Меня зовут женщина (Арбатова) - страница 66

– Будут. Пока они дождутся американцев, они умрут с голоду.

– Ты должна написать пьесу о любви молодого немца и русской девушки, чтобы в начале пьесы все плакали, а в конце – смеялись! – говорит Георгий, но я уже не слушаю его, потому что Ира Константинова идет ко мне с трагическим лицом.

– Официанты требуют еще долларов, они пересчитали и говорят, что накрыли больше порций!

Я перевожу доллары в рубли, и аппетит покидает меня.

– Скажи им, чтоб собрали доллары, для них это тьфу! – советует Ира.

– Я не могу. – Конечно, «у советских собственная гордость».

– Тогда выкручивайся сама. Официанты не берут рубли. Валюта только у гостей, но мы знакомы день, удобно ли просить в долг?

– Саймон, – говорю я очень жалобно, – ты не можешь одолжить мне денег? Я отдам завтра в рублях, ведь тебе все равно обменивать.

Английский профессор долго вычисляет и прикидывает в уме, пока я ежусь от стыда, и наконец, решившись, дает мне валюту, с которой Ира Константинова немедленно скрывается в официантском логове.

– Я готов получить деньги завтра по курсу… – И он называет такой курс, по которому доллар можно обменять разве что в мечтах. Глубоко презирая себя, я благодарно улыбаюсь ему. Слава богу, что я еще не в состоянии догадаться о том, что за занавеской Ира Константинова кладет доллары в карман.

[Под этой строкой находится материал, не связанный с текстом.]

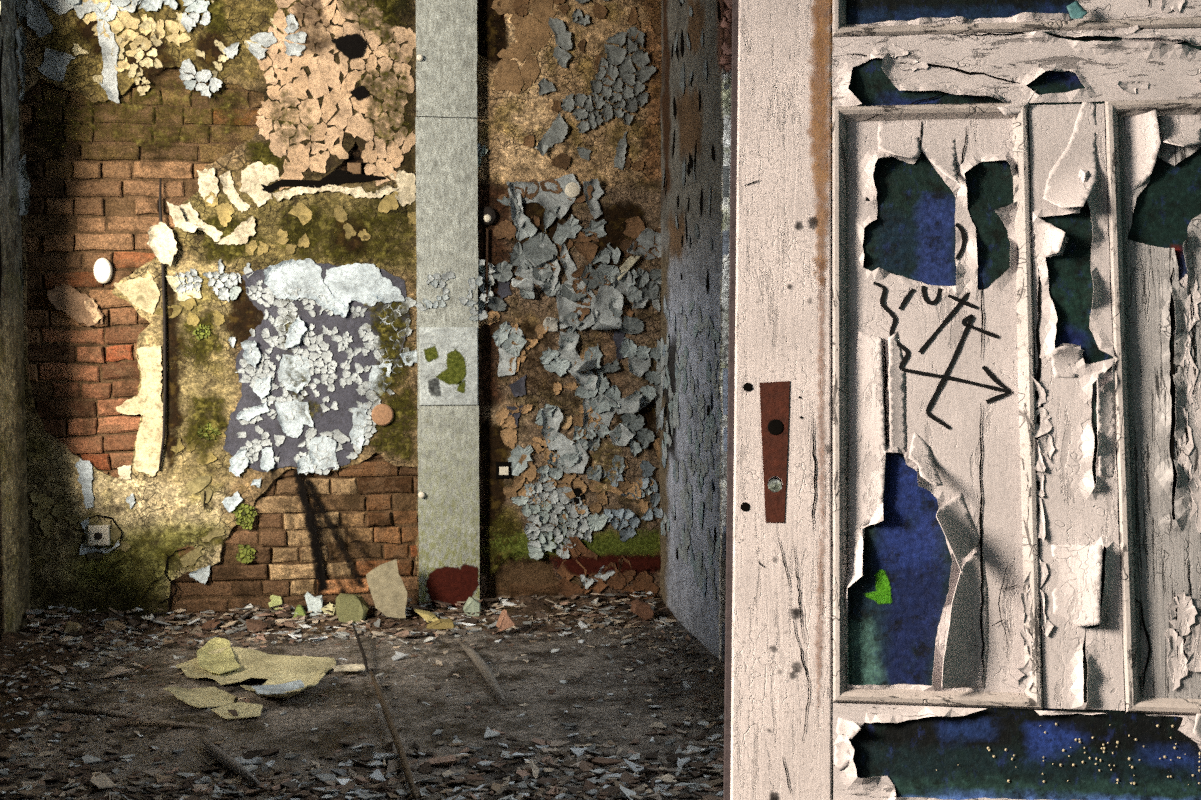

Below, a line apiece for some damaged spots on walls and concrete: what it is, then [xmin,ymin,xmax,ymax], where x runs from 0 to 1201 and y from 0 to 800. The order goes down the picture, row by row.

Перед ДК МГУ стоит «Икарус», собирающий караванных художников, архитекторов и ландшафтников на экскурсию по Москве. Я прыгаю в него, чтобы посидеть в покое, но когда мы едем по центру, со мной начинает что-то происходить. Попробуйте сесть с иностранцами в автобус и попасть в совершенно другую Москву. Новый ли пространственный ракурс, мнимое ли ощущение отдельности от того, что сидишь в облаке блаженного, неутомимого «файн! файн!», законное ли право на разглядывание бесконечно знакомого по кускам, как иногда вдруг, словно при вспышке молнии, видишь все, чего долгие годы не замечал в лице близкого… Бог весть… И когда автобус будет кружиться по улицам, затоптанным нашими следами, замусоренным нашими словами и историями, город покажется новым, как мир в только что вымытых окнах. И Москва будет так хороша в своей безалаберной душевности, так жалобно неопрятна и возвышенна, как только что родившая женщина. И светлые глаза спутников начнут понемногу загораться не туристским, а любовным трепетом. И вы приосанитесь, как ребенок, показывающий любимые игрушки, и полюбите зрителей за то, что они не морщатся при виде медведя с оторванной лапой и куклы с отбитым носом.

… А вечером я веду концерт посреди скандала французского театра с голландским. «Нет! Мы выступаем первыми! Они думают, что если они французы, то им все можно!»; посреди истерики антропософов, что если не будет выступать Миха Погачник, их партийный скрипач, то они покинут зал; посреди крика Михи Погачника, не желающего играть в одном концерте с порнотеатрами, имея в виду невиннейший «Ад ель Ритон». И мне еще трудно понять гносеологические корни гражданской войны между антропософами и неантропософами, и все немотивированное я еще списываю на западную экзотику и монтирую концерт, лепеча веселости, просчитывая градус скандала за кулисами, припоминая великие слова: «Публика – дура, она если слушает – то не слышит, если слышит – то не понимает».